Records from a data collection:
────────
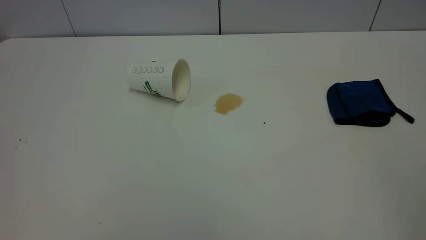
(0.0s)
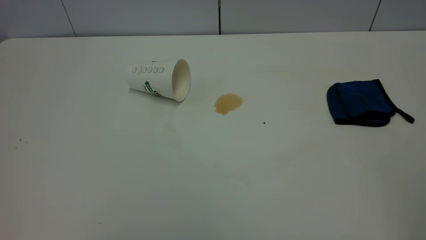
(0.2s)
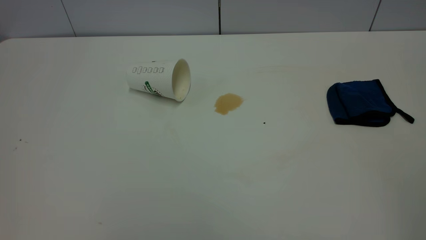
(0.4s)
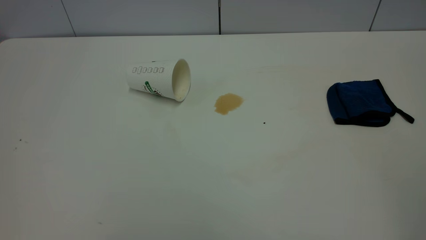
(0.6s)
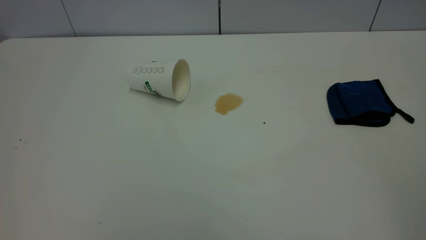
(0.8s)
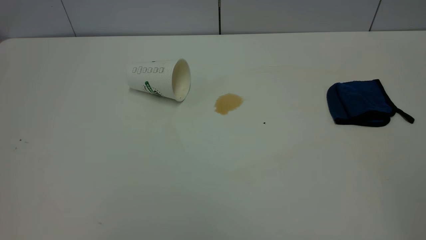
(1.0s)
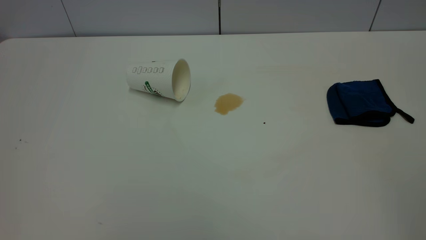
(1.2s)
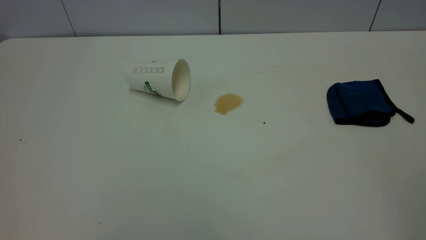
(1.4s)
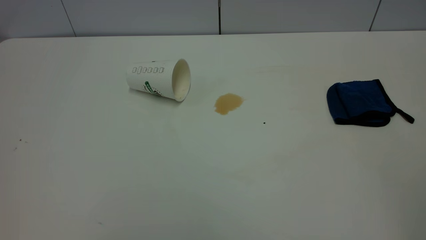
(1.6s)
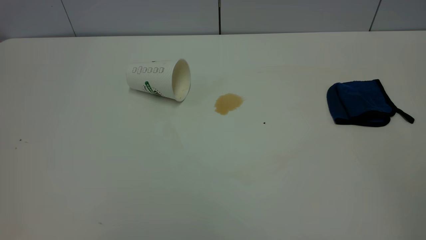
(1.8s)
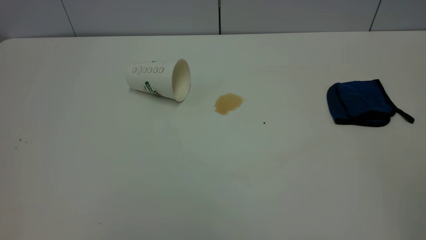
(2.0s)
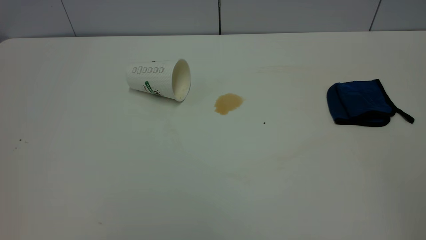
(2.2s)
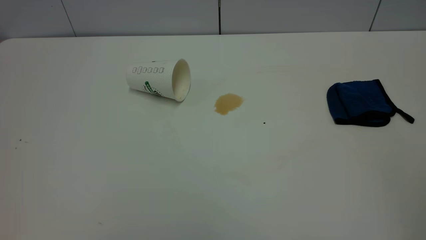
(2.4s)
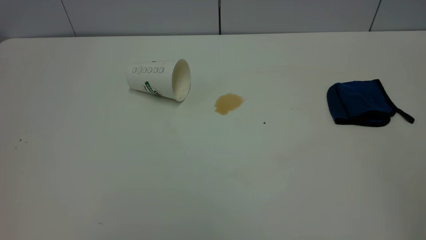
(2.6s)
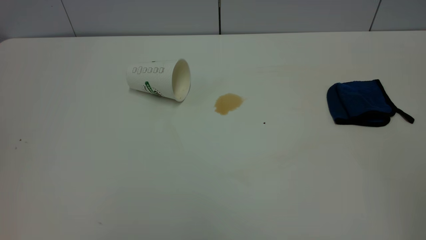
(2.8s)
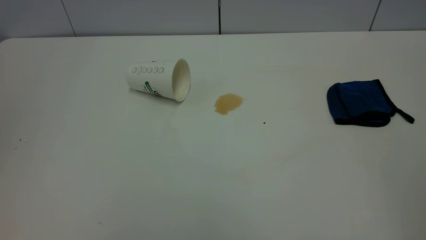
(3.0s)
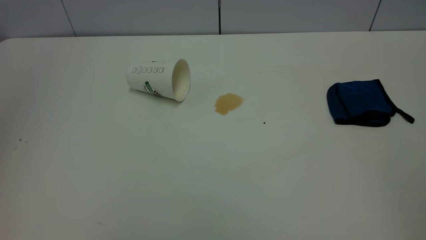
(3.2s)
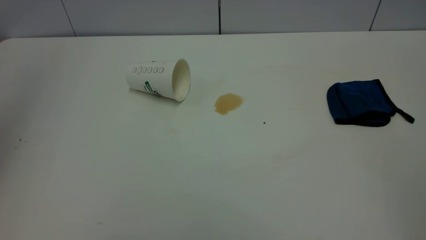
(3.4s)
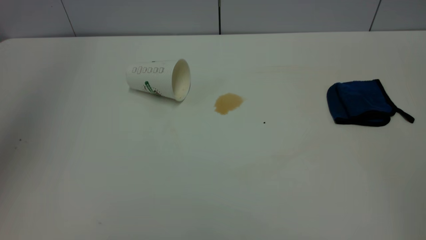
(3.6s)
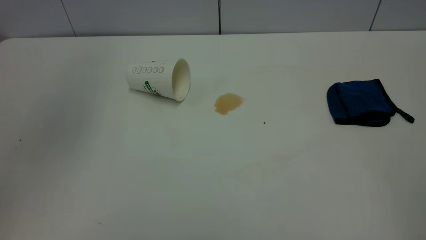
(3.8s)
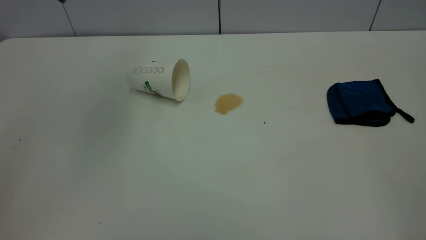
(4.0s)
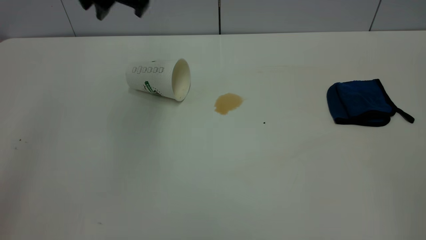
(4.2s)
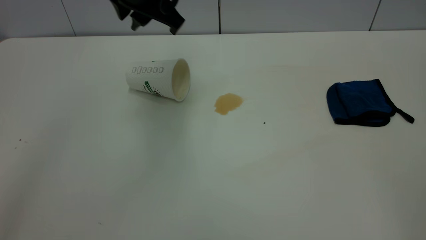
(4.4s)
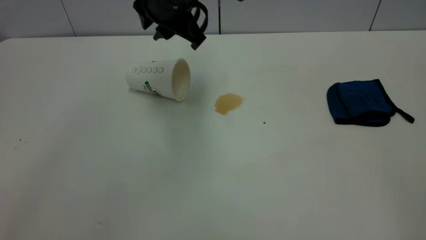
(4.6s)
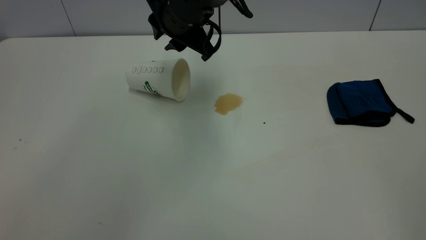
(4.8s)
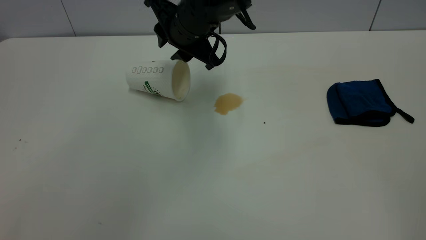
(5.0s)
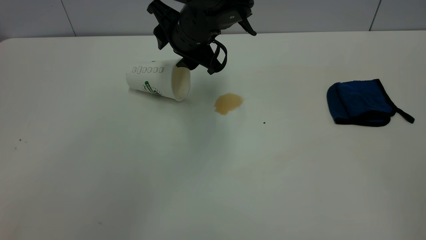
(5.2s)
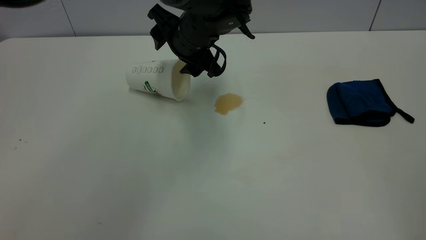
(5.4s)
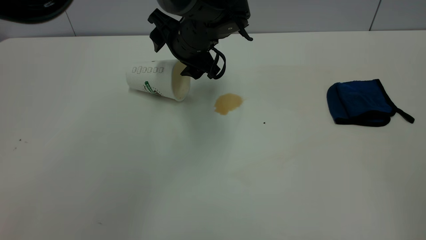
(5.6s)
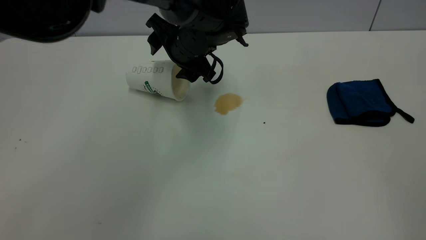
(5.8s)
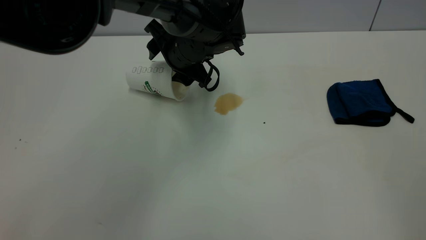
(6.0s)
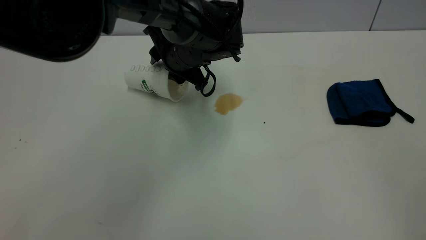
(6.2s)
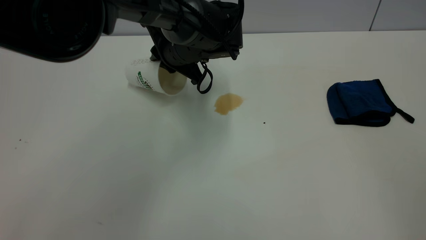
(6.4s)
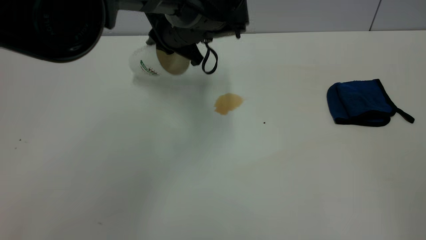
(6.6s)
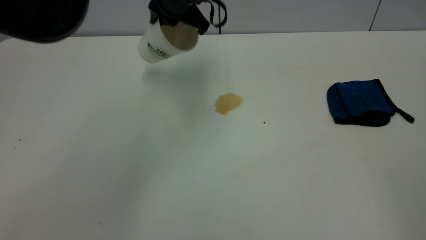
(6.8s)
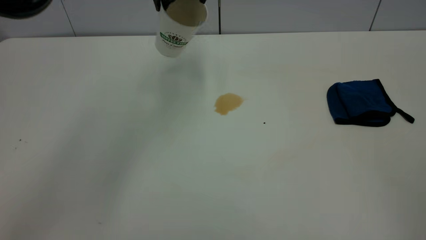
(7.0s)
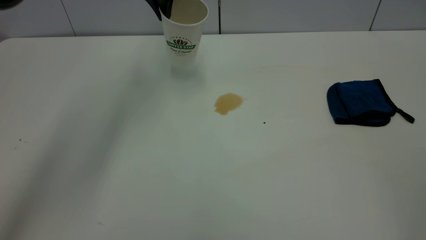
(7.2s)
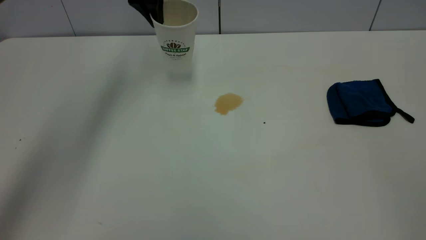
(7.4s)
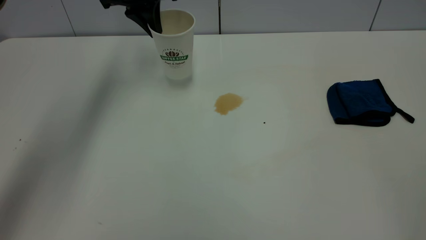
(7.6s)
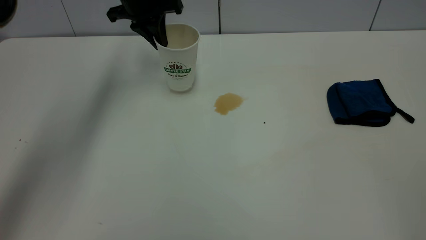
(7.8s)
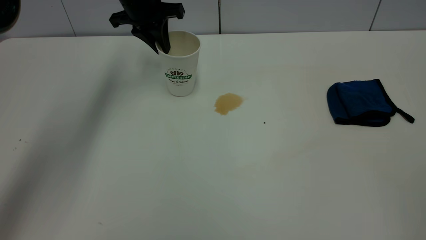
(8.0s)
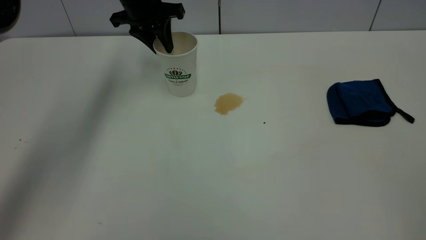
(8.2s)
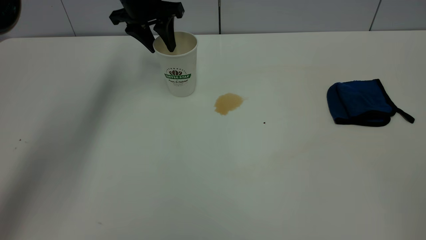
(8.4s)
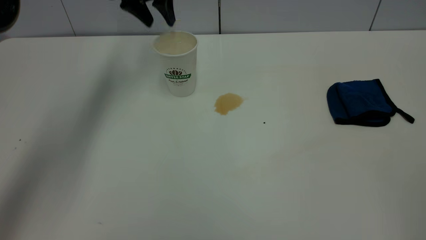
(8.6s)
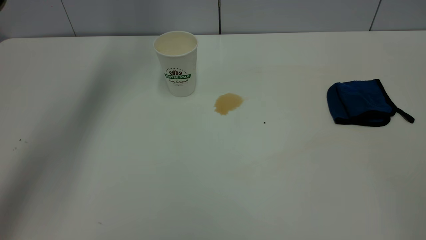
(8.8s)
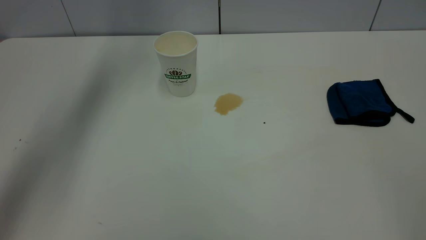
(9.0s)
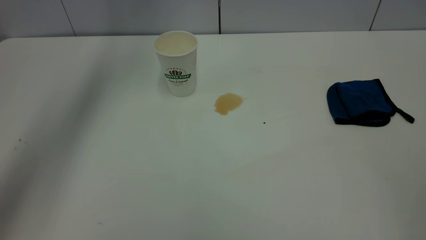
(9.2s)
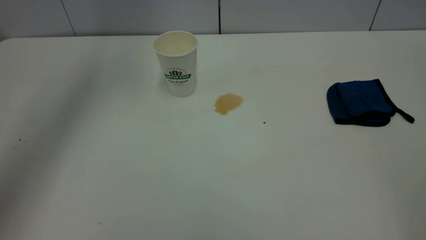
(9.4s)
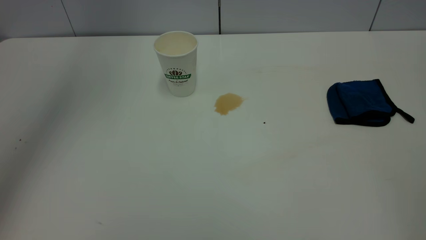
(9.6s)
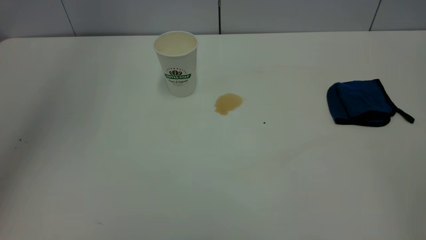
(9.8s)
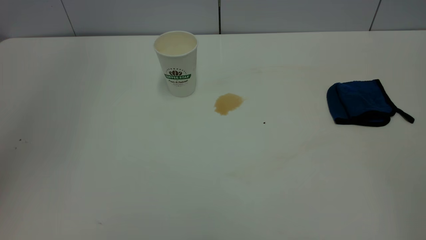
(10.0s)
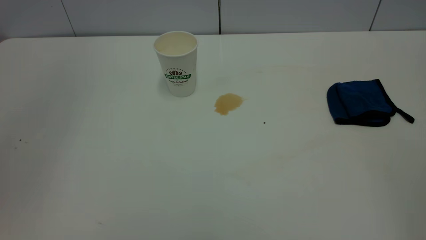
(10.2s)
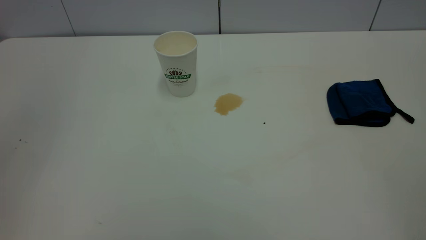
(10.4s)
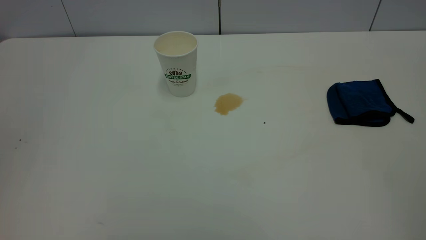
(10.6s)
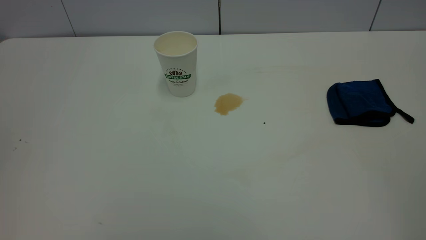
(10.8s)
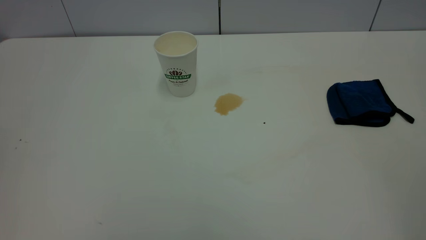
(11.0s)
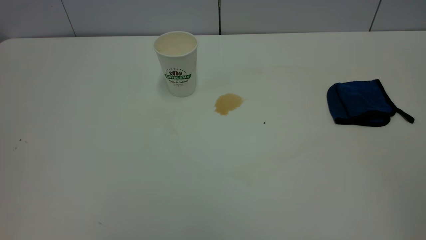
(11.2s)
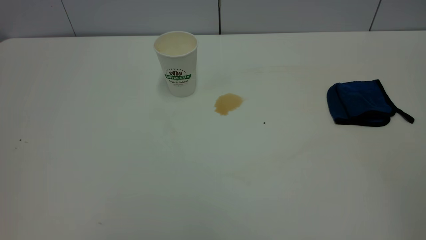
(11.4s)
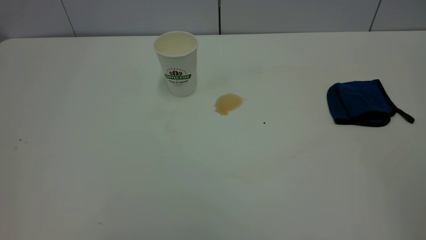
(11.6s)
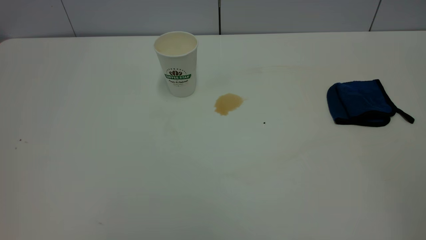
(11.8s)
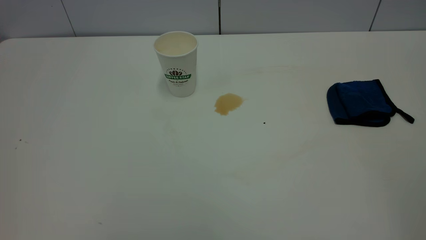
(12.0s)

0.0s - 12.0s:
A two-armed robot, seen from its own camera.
Task of the whole recording: the left gripper pick up the fallen cup and place it upright, the right gripper grasp the blue rag and wipe the tea stain on the table, the right gripper put the blue rag back in its original position.
Step, 0.0s - 8.6s: Stand the paper cup upright.
0.0s - 1.6s: The two grippers keep their place.
3.0s - 4.4s: The left gripper goes roughly 40 cm forward, to the right and downward.
4.4s - 6.0s: The left gripper shifts about 15 cm downward and forward, and opens its fingers.
6.0s - 7.6s: The left gripper shifts roughly 20 cm to the left, upward and forward, and closes.
7.6s - 9.0s: The left gripper shifts about 10 cm upward, and opens.
9.0s - 10.4s: The left gripper goes roughly 35 cm backward.
────────
• _ABOUT THIS TASK_
Above are the records; transcribe them exactly without the pictures.

• _EXERCISE ANSWER_
(0.0s)
(0.2s)
(0.4s)
(0.6s)
(0.8s)
(1.0s)
(1.2s)
(1.4s)
(1.6s)
(1.8s)
(2.0s)
(2.2s)
(2.4s)
(2.6s)
(2.8s)
(3.0s)
(3.2s)
(3.4s)
(3.6s)
(3.8s)
(4.0s)
(4.2s)
(4.4s)
(4.6s)
(4.8s)
(5.0s)
(5.2s)
(5.4s)
(5.6s)
(5.8s)
(6.0s)
(6.2s)
(6.4s)
(6.6s)
(6.8s)
(7.0s)
(7.2s)
(7.4s)
(7.6s)
(7.8s)
(8.0s)
(8.2s)
(8.4s)
(8.6s)
(8.8s)
(9.0s)
(9.2s)
(9.4s)
(9.6s)
(9.8s)
(10.0s)
(10.2s)
(10.4s)
(10.6s)
(10.8s)
(11.0s)
(11.2s)
(11.4s)
(11.6s)
(11.8s)
(12.0s)

0.0s - 12.0s:
A two-armed robot, seen from its own camera.
Task of the whole recording: the left gripper pick up the fallen cup and place it upright, the right gripper grasp the blue rag and wipe the tea stain on the table, the right gripper put the blue rag back in its original position.
Step, 0.0s - 8.6s: Stand the paper cup upright.
0.0s - 1.6s: The two grippers keep their place.
3.0s - 4.4s: The left gripper goes roughly 40 cm forward, to the right and downward.
4.4s - 6.0s: The left gripper shifts about 15 cm downward and forward, and opens its fingers.
6.0s - 7.6s: The left gripper shifts roughly 20 cm to the left, upward and forward, and closes.
7.6s - 9.0s: The left gripper shifts about 10 cm upward, and opens.
9.0s - 10.4s: The left gripper goes roughly 35 cm backward.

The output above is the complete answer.